Problem to solve
Reproduce verbatim the lines of the material below, starting at the line with "49. cardboard box (1070,206,1132,267)" and ending at the line with "56. cardboard box (613,474,628,589)", both inclusive; skip the rest.

Data to process
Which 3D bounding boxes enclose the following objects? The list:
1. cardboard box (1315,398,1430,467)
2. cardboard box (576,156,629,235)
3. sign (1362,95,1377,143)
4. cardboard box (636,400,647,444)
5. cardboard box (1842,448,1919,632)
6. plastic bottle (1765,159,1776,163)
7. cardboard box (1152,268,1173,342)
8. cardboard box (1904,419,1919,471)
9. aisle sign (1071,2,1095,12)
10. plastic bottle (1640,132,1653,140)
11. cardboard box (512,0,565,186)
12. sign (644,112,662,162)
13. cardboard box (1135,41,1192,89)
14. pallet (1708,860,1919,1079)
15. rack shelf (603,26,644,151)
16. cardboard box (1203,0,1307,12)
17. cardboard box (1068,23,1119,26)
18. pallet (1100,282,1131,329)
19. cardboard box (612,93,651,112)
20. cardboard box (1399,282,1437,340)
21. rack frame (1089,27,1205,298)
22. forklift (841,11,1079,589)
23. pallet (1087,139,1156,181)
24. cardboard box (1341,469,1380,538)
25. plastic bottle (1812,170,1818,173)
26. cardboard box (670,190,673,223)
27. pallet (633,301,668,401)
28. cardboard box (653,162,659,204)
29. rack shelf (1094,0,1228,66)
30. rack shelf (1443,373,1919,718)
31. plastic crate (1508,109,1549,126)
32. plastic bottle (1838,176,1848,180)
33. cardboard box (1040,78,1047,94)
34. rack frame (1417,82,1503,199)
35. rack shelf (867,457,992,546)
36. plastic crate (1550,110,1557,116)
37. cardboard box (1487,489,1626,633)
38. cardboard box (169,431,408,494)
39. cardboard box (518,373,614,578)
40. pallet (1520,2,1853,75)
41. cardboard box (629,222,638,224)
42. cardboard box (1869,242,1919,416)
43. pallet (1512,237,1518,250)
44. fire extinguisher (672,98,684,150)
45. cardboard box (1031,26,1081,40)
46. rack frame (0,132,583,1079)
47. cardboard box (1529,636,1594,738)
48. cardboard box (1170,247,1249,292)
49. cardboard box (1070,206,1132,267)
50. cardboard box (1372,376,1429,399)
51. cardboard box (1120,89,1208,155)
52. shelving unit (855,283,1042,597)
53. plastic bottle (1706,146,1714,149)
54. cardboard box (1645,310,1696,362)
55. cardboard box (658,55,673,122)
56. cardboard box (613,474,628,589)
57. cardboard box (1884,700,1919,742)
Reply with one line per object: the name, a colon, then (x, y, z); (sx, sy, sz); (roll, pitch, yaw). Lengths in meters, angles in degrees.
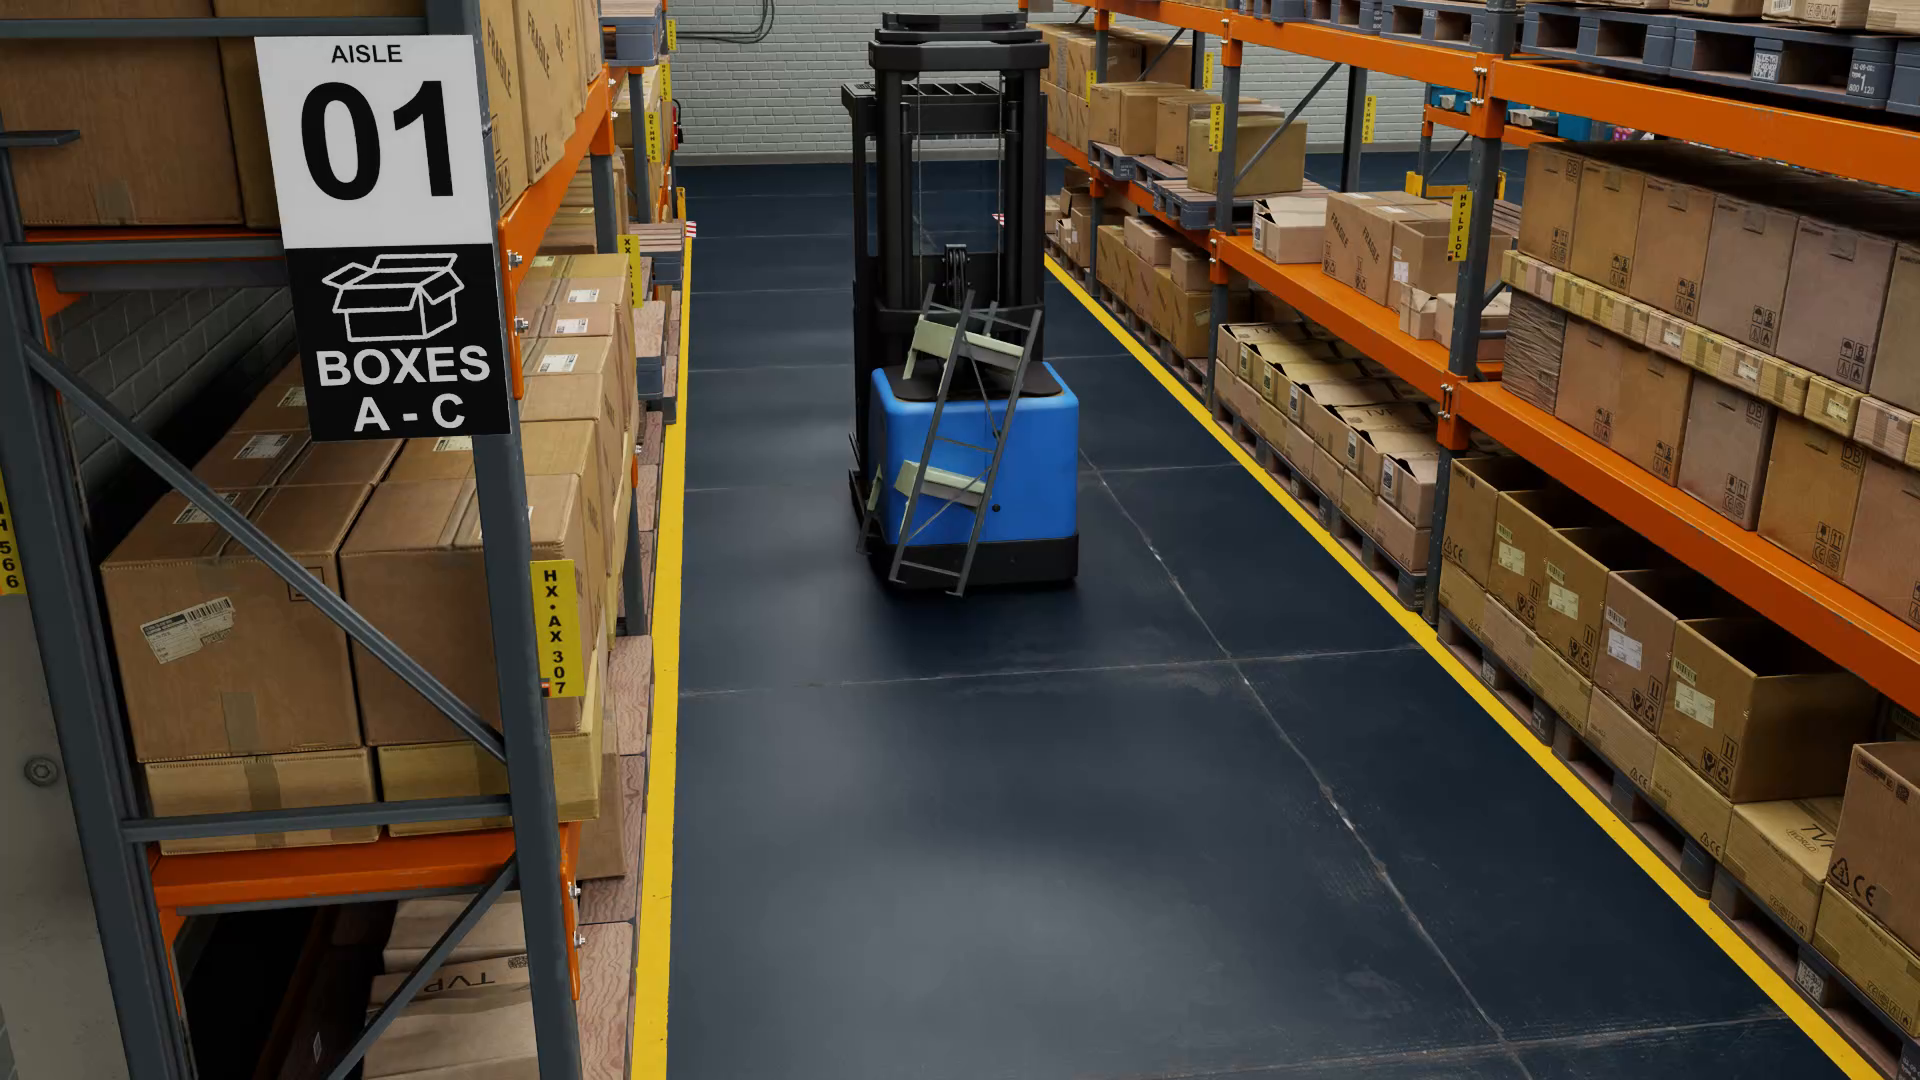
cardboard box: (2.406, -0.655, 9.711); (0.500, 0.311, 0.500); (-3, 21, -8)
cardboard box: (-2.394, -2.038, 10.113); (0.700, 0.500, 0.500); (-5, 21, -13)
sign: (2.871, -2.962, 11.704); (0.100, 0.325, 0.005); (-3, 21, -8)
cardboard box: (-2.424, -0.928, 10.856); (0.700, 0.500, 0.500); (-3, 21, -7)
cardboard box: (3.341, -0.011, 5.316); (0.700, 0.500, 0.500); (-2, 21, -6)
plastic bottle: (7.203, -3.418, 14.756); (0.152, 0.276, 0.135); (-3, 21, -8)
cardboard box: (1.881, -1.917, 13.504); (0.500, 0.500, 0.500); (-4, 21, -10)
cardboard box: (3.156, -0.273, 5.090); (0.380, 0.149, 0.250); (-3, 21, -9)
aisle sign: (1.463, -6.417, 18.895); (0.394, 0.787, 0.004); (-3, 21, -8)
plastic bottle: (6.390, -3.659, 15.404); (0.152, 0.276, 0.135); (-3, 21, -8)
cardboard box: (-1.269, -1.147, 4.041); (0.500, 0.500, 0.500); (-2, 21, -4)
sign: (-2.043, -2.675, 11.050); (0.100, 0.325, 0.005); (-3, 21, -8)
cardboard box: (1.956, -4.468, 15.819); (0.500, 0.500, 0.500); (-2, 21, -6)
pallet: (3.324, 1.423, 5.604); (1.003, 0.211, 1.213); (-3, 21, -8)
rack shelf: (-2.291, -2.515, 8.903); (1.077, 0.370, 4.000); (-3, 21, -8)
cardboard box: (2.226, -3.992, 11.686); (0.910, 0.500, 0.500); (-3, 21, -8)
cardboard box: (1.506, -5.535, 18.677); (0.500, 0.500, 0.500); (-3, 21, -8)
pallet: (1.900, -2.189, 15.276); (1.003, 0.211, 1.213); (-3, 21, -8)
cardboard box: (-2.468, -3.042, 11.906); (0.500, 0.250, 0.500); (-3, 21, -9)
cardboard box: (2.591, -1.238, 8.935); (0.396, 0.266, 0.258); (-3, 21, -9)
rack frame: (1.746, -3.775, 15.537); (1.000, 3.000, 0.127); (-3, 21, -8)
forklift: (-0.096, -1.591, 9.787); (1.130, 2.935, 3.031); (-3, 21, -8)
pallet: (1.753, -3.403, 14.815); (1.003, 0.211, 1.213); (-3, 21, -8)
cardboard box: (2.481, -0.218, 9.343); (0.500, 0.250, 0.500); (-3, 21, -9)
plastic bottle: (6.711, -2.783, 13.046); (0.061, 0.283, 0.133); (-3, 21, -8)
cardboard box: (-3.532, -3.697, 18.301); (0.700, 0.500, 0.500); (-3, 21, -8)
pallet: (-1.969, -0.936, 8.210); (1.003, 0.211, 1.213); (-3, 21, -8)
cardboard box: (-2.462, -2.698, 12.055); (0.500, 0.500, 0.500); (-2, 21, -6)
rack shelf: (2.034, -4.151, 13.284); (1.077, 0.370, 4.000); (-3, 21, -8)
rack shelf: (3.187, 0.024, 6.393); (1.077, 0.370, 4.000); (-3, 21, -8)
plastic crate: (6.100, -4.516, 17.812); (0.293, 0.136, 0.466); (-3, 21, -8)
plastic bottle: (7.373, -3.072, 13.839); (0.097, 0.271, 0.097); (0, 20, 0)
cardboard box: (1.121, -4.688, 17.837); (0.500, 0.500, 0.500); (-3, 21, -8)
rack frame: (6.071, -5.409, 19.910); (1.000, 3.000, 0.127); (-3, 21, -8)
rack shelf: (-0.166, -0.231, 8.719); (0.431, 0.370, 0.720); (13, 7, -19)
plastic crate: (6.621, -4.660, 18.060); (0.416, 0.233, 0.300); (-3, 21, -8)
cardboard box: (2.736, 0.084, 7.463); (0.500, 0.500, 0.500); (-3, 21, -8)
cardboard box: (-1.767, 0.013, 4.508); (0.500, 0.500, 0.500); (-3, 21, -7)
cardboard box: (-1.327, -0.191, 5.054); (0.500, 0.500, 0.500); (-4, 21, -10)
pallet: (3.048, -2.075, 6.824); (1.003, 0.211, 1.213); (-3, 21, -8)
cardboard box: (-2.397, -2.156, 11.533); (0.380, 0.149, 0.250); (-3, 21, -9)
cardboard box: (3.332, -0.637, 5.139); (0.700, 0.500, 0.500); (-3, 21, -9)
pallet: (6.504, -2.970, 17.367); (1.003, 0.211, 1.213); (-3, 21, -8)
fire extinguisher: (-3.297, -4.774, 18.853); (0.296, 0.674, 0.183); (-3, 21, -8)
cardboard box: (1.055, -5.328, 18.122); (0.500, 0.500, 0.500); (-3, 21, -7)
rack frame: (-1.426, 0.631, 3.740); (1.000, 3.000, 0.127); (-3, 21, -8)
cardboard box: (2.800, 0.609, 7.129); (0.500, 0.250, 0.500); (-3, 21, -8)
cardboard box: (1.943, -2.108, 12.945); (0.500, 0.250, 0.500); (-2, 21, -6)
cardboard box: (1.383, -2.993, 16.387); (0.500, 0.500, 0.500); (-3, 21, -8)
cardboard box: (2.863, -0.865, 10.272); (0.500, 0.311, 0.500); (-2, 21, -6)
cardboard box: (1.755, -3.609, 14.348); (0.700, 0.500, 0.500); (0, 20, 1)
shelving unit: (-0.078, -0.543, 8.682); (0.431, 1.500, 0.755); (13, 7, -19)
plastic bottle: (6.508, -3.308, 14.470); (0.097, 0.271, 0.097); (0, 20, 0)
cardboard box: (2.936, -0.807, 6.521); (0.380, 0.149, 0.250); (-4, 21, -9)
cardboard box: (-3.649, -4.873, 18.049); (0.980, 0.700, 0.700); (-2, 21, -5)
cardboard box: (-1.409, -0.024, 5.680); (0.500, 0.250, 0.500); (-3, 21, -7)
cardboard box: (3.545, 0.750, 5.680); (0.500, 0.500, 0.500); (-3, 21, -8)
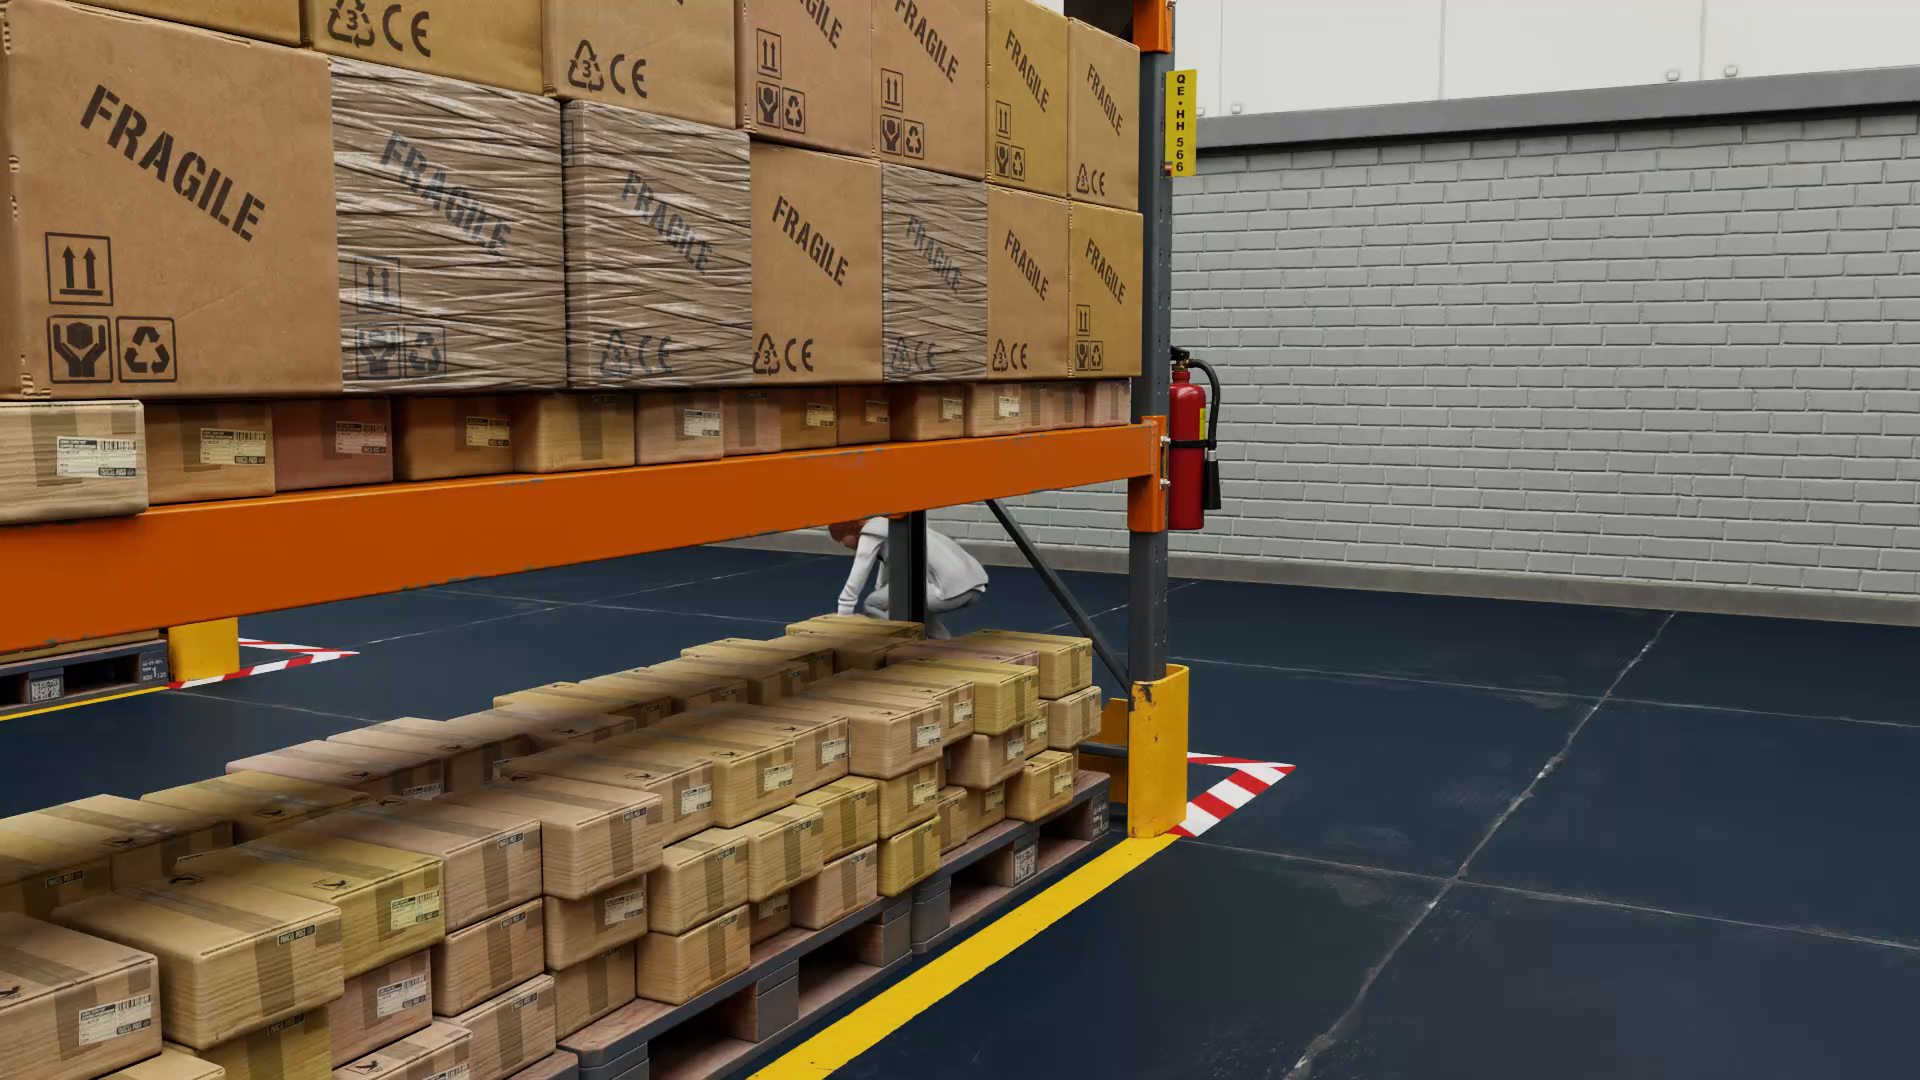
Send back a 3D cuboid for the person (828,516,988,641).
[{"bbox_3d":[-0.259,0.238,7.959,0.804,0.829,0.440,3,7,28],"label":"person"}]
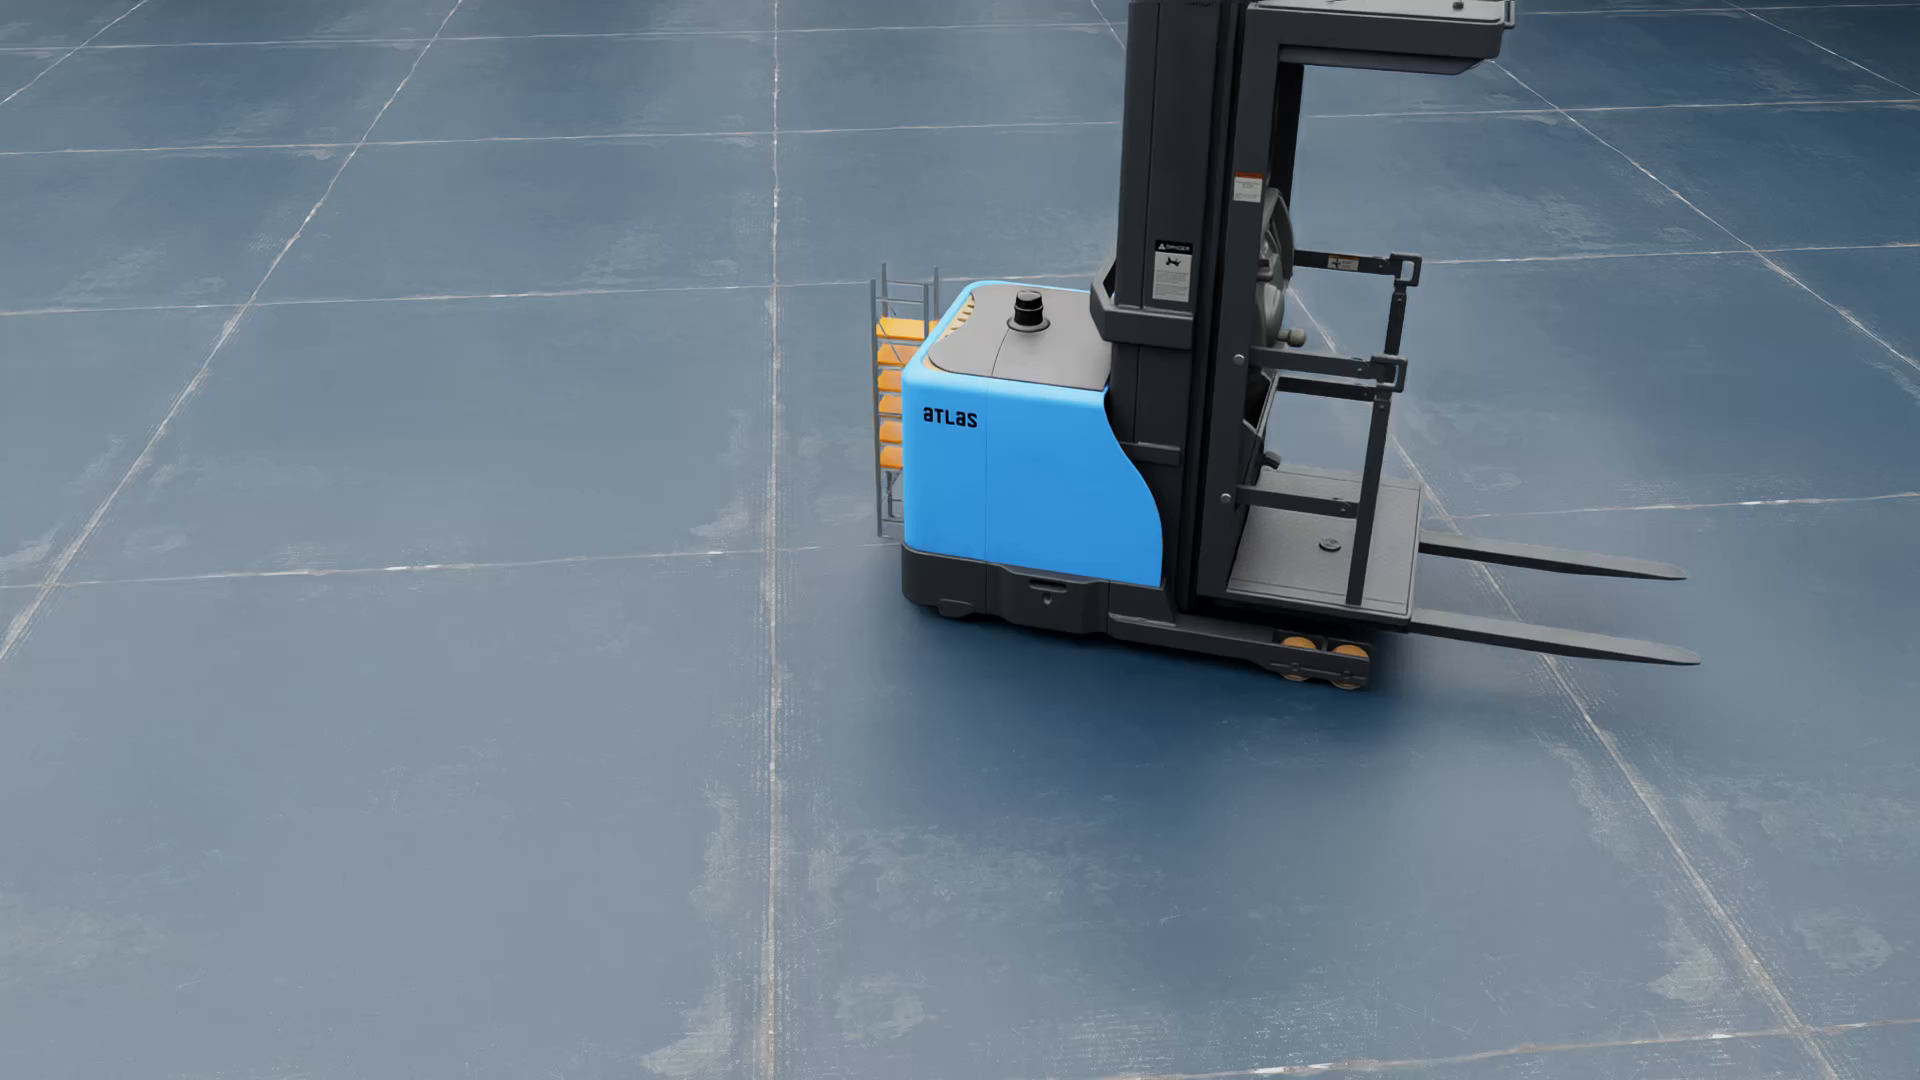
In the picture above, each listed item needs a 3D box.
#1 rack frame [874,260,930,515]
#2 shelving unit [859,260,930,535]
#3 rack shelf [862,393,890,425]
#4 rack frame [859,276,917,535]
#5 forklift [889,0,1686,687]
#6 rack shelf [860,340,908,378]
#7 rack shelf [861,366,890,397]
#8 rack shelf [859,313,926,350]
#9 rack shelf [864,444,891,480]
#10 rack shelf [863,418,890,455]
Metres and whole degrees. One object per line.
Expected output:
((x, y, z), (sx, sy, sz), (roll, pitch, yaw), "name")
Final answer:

Reply to the exercise
49. cardboard box (1070,206,1132,267)
50. cardboard box (1372,376,1429,399)
51. cardboard box (1120,89,1208,155)
52. shelving unit (855,283,1042,597)
53. plastic bottle (1706,146,1714,149)
54. cardboard box (1645,310,1696,362)
55. cardboard box (658,55,673,122)
56. cardboard box (613,474,628,589)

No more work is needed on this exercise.